What book/documentation/website are you reading? SF = 1 means the result is negative, OF = 1 means the operation caused an over/underflow with signed operands. If they are both set, it means that the left operand was a large positive number and the right operand was a small negative number, enough to cause the result to roll over from positive to negative. This is not possible when the second operand is 5. (Edit: In my opinion, the best book for learning this is Reversing - Secrets of Reverse Engineering.) – Obannon 31/12, 2012 at 12:11

@DCoder I have updated the question. Please have a look at it. Your help is very much appreciated! – Stinking 31/12, 2012 at 13:59

What book is this? Why is it bothering with multiple conditional branches, when a simple jge will do the same and be a lot more readable? I think that whole js/jo/jmp/jo block was copy-pasted from a generalized solution without bothering to adapt it to the specific context. – Obannon 31/12, 2012 at 14:2

SF also means unsigned overflow (as well as carry out). OF is signed overflow. Normally you use one or the other (both are computed, you normally only care about one) – Misconstruction 31/12, 2012 at 14:56

It means that sign bit is set, but there is no carry. If I recall correctly, OF = SF xor CF; So it means that you had positive number and it became negative, thus data was lost. – Treatment 31/12, 2012 at 15:11

@dwelch SF is not related to unsigned overflow. It is just the highest bit=1. – Treatment 31/12, 2012 at 15:13

OK so from your answers I take that the condition SF=1 & OF = 1 will never happen in the above case? @DCoder The book is called PC Assembly Language. The jge will be introduced in the following chapter. Thank you all for you comments! – Stinking 31/12, 2012 at 15:17

Example(8 bit): 0111 1111 + 0000 0001 -> 1000 0000 => OF = 1, SF = 1, CF = 0. I guess author just wanted to explain logic behind these flags by such an example. – Treatment 31/12, 2012 at 15:20

But how can 0000 0001 be "added" when you subtract 0000 0001 with the cmp instruction? – Stinking 31/12, 2012 at 15:27

I see a question by topicstarter: "What computation gives this?" and it is a general question, not only about cmp. imho. – Treatment 31/12, 2012 at 15:53

right I was thinking carry flag CF not SF signed flag. thanks. – Misconstruction 31/12, 2012 at 16:0

Is this book the Daily WTF? That's horrible code, I hope that's just some sort of weird example and I don't ever run across something like that in production anywhere! – Neutron 24/5, 2013 at 14:44

Much easier to think of these in terms of 3 bit numbers, it all scales. Hmmm, if this is signed (you didnt specify/post in your high level code) then four bits is better because you used a 5. Walk through the numbers near 5 (this shows the output of the alu)

cmp reg,5
0111 - 0101 = 0111 + 1010 + 1 = 10010
0110 - 0101 = 0110 + 1010 + 1 = 10001
0101 - 0101 = 0101 + 1010 + 1 = 10000
0100 - 0101 = 0100 + 1010 + 1 = 01111
0011 - 0101 = 0011 + 1010 + 1 = 01110

Now you have to understand how the hardware works. Some processor families when you do a subtract invert the carry flag coming out of the alu, others dont. either way you can definitely see a state change at the 5 - 5 point. And you dont need the carry flag here anyway, code doesnt use it.

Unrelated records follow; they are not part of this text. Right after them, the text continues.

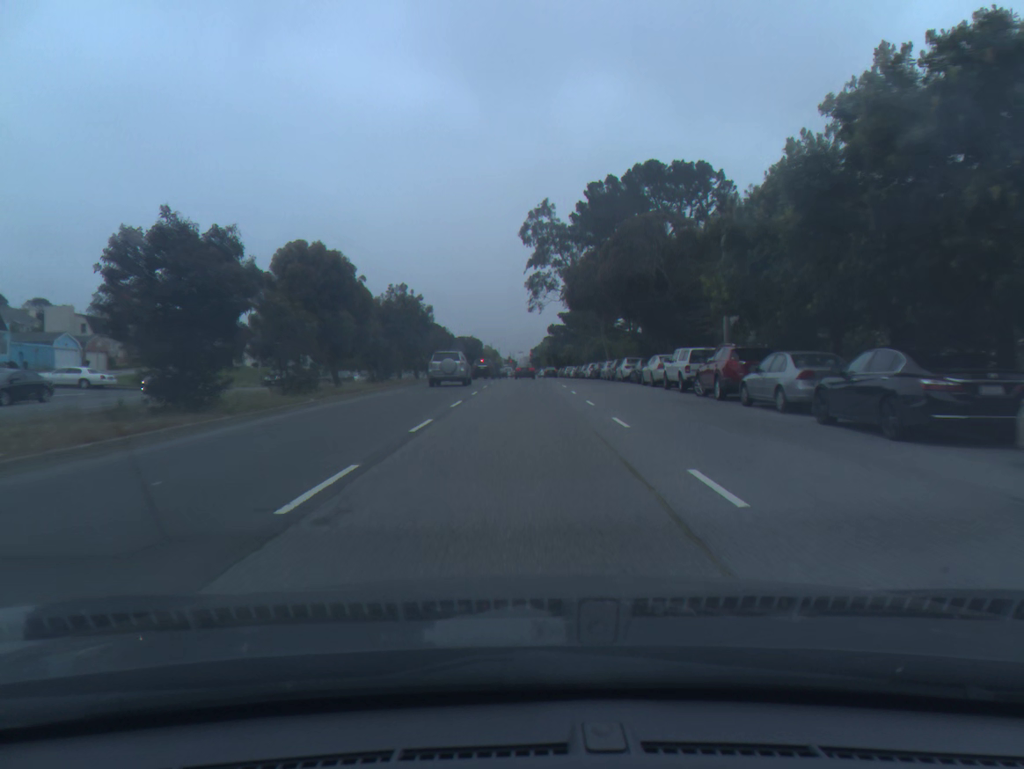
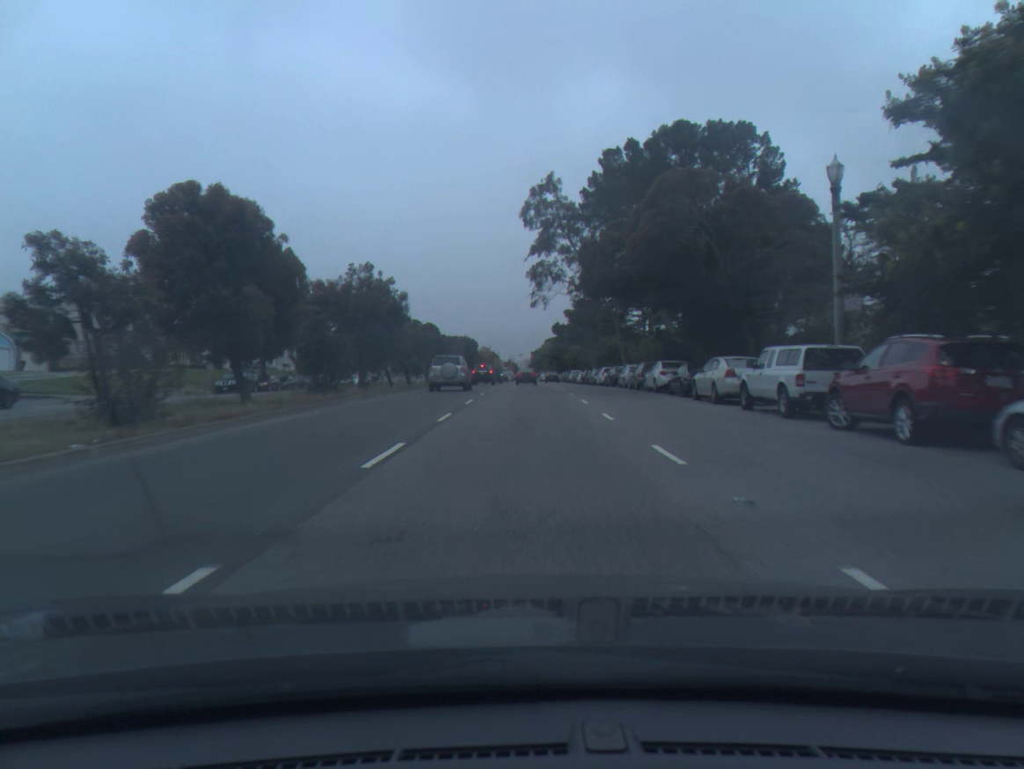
(0.0, +11.3) m; 0°
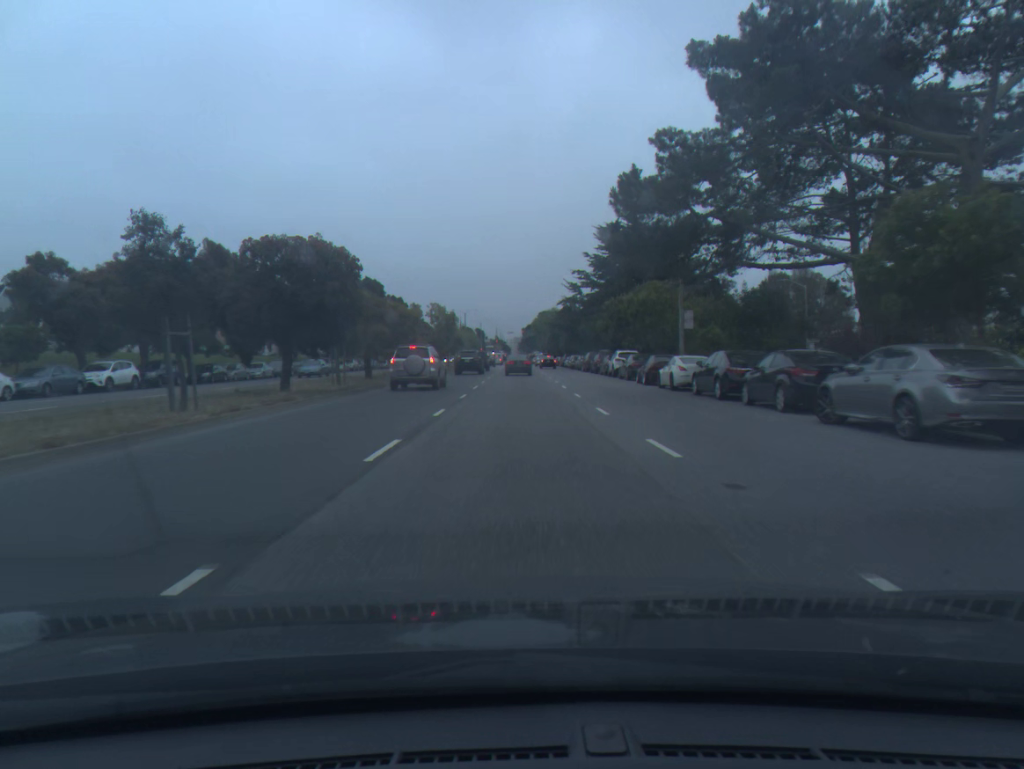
(+0.3, +57.4) m; +1°
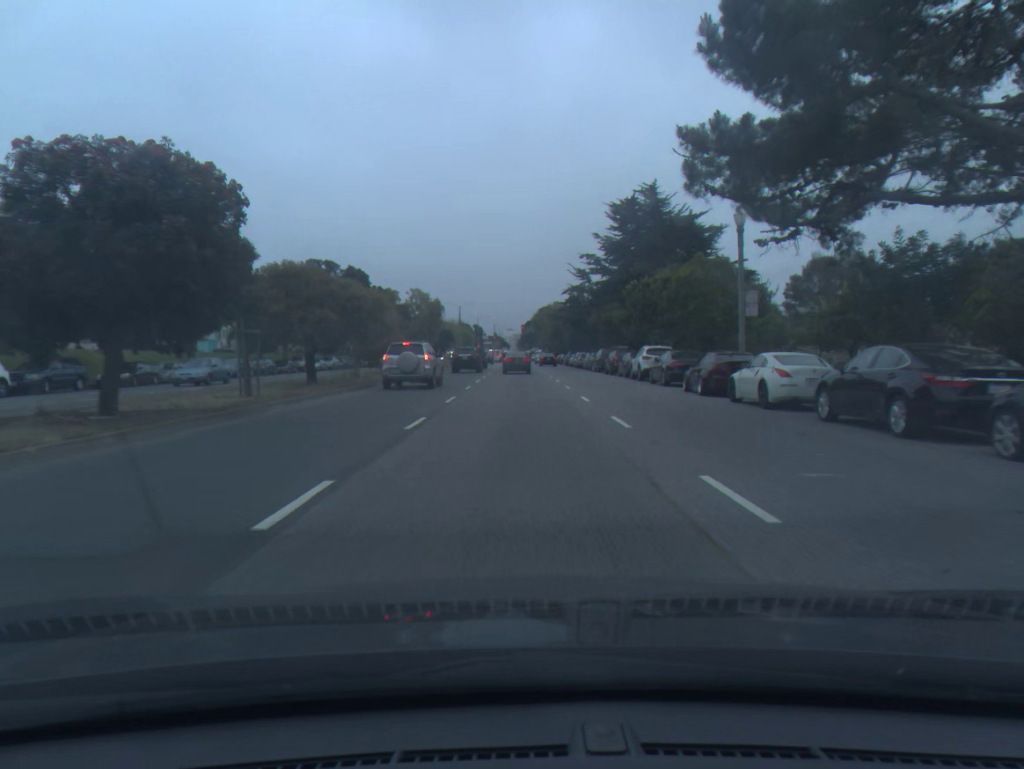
(0.0, +11.1) m; 0°
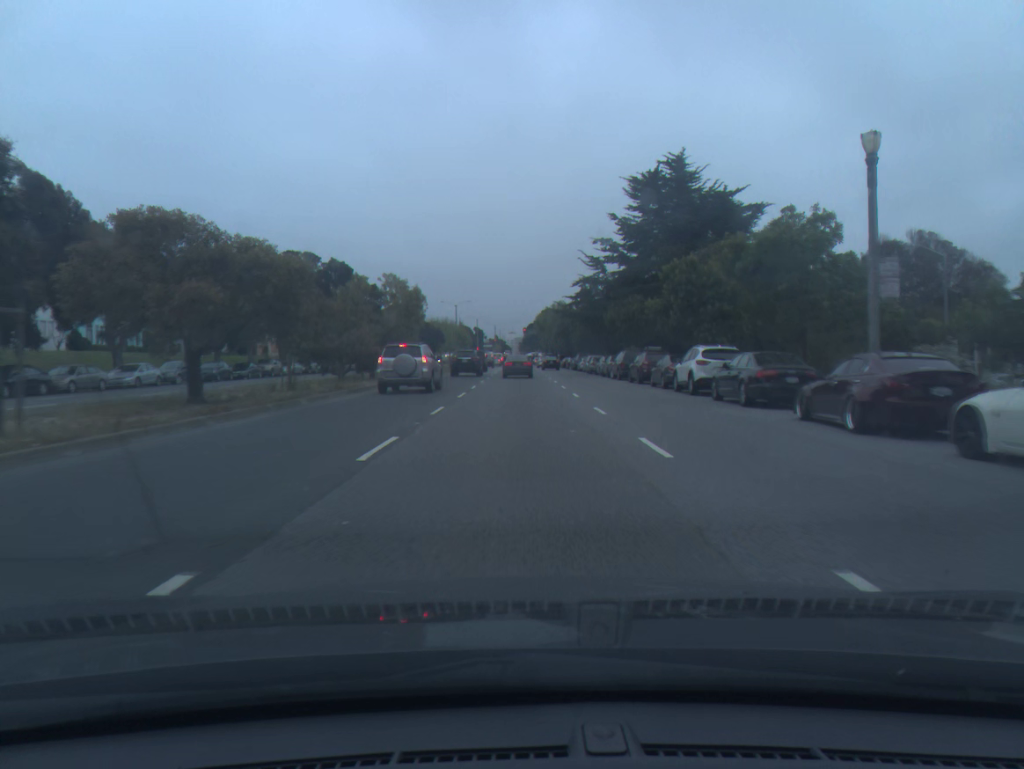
(0.0, +10.8) m; 0°
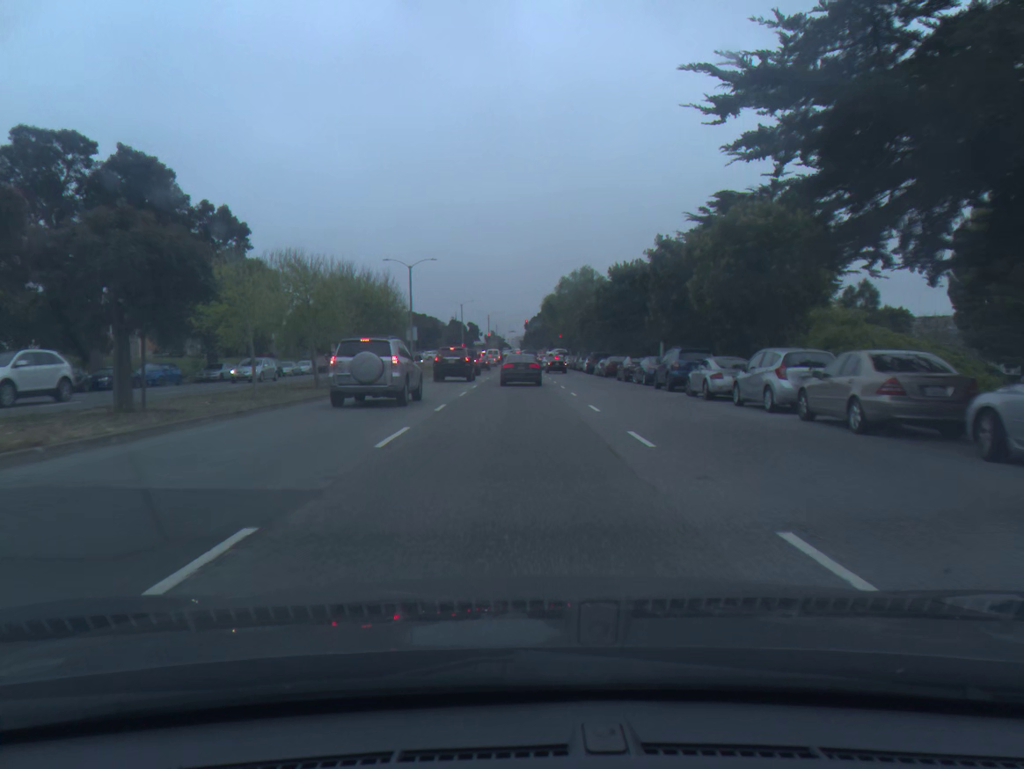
(-0.1, +49.8) m; 0°
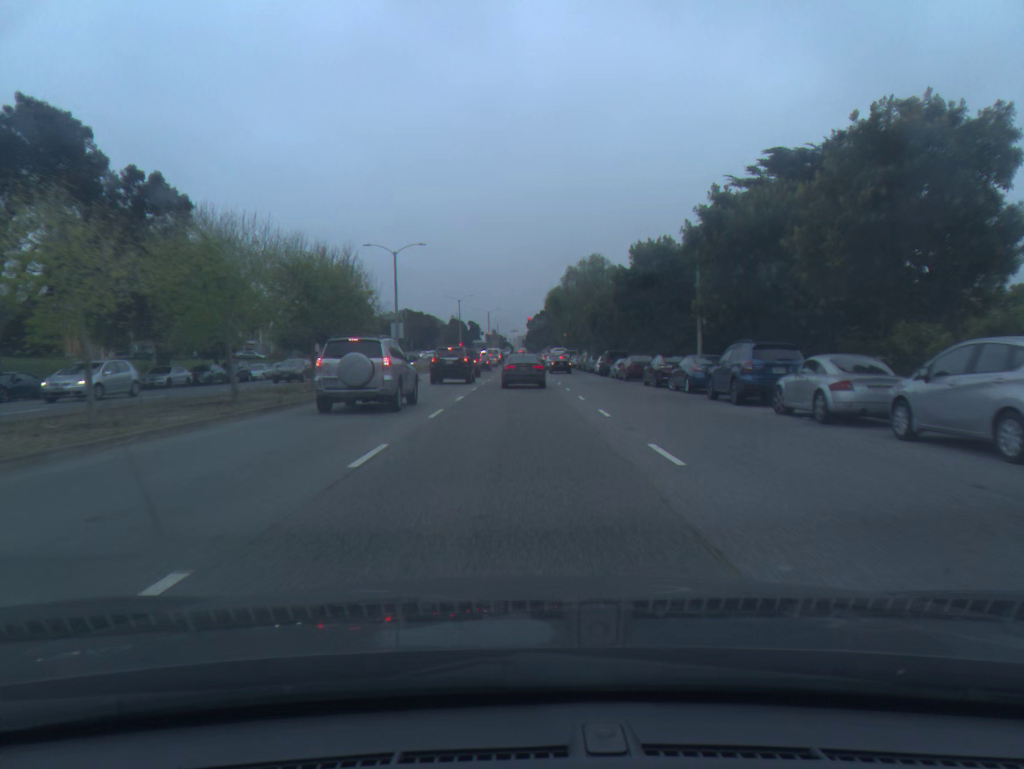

In case you are doing signed math, then try some negative numbers as well.

0000 - 0101 = 0000 + 1010 + 1 = 01011  
1111 - 0101 = 1111 + 1010 + 1 = 11010
1110 = 0101 = 1110 + 1010 + 1 = 11001

And that sheds some light on the problem.

signed overflow is defined as the carry in being not equal to the carry out on the msbit of the adder. That can get messy so we just need to know where that boundary is.

0111 - 0101 = 7 - 5 = 2
0110 - 0101 = 6 - 5 = 1
0101 - 0101 = 5 - 5 = 0
0100 - 0101 = 4 - 5 = -1
0011 - 0101 = 3 - 5 = -2

and so on. Using this 4 bit model, in a signed interpretation we are limited to +7 (0b0111) down to -8 (0b1000). So the after -3 - 5 we will get into trouble:

1110 - 0101 = 1110 + 1010 + 1 = 11001 , -2 - 5 = -7
1101 - 0101 = 1101 + 1010 + 1 = 11000 , -3 - 5 = -8
1100 - 0101 = 1100 + 1010 + 1 = 10111 , -4 - 5 = 7 (-9 if we had more bits)
1011 - 0101 = 1011 + 1010 + 1 = 10110 , -5 - 5 = 6 (-10 if we had more bits)
1010 - 0101 = 1010 + 1010 + 1 = 10101 , -6 - 5 = 5 (-11 if we had more bits)
1001 - 0101 = 1001 + 1010 + 1 = 10100 , -7 - 5 = 4 (-12 if we had more bits)
1000 - 0101 = 1000 + 1010 + 1 = 10011 , -8 - 5 = 3 (-13 if we had more bits)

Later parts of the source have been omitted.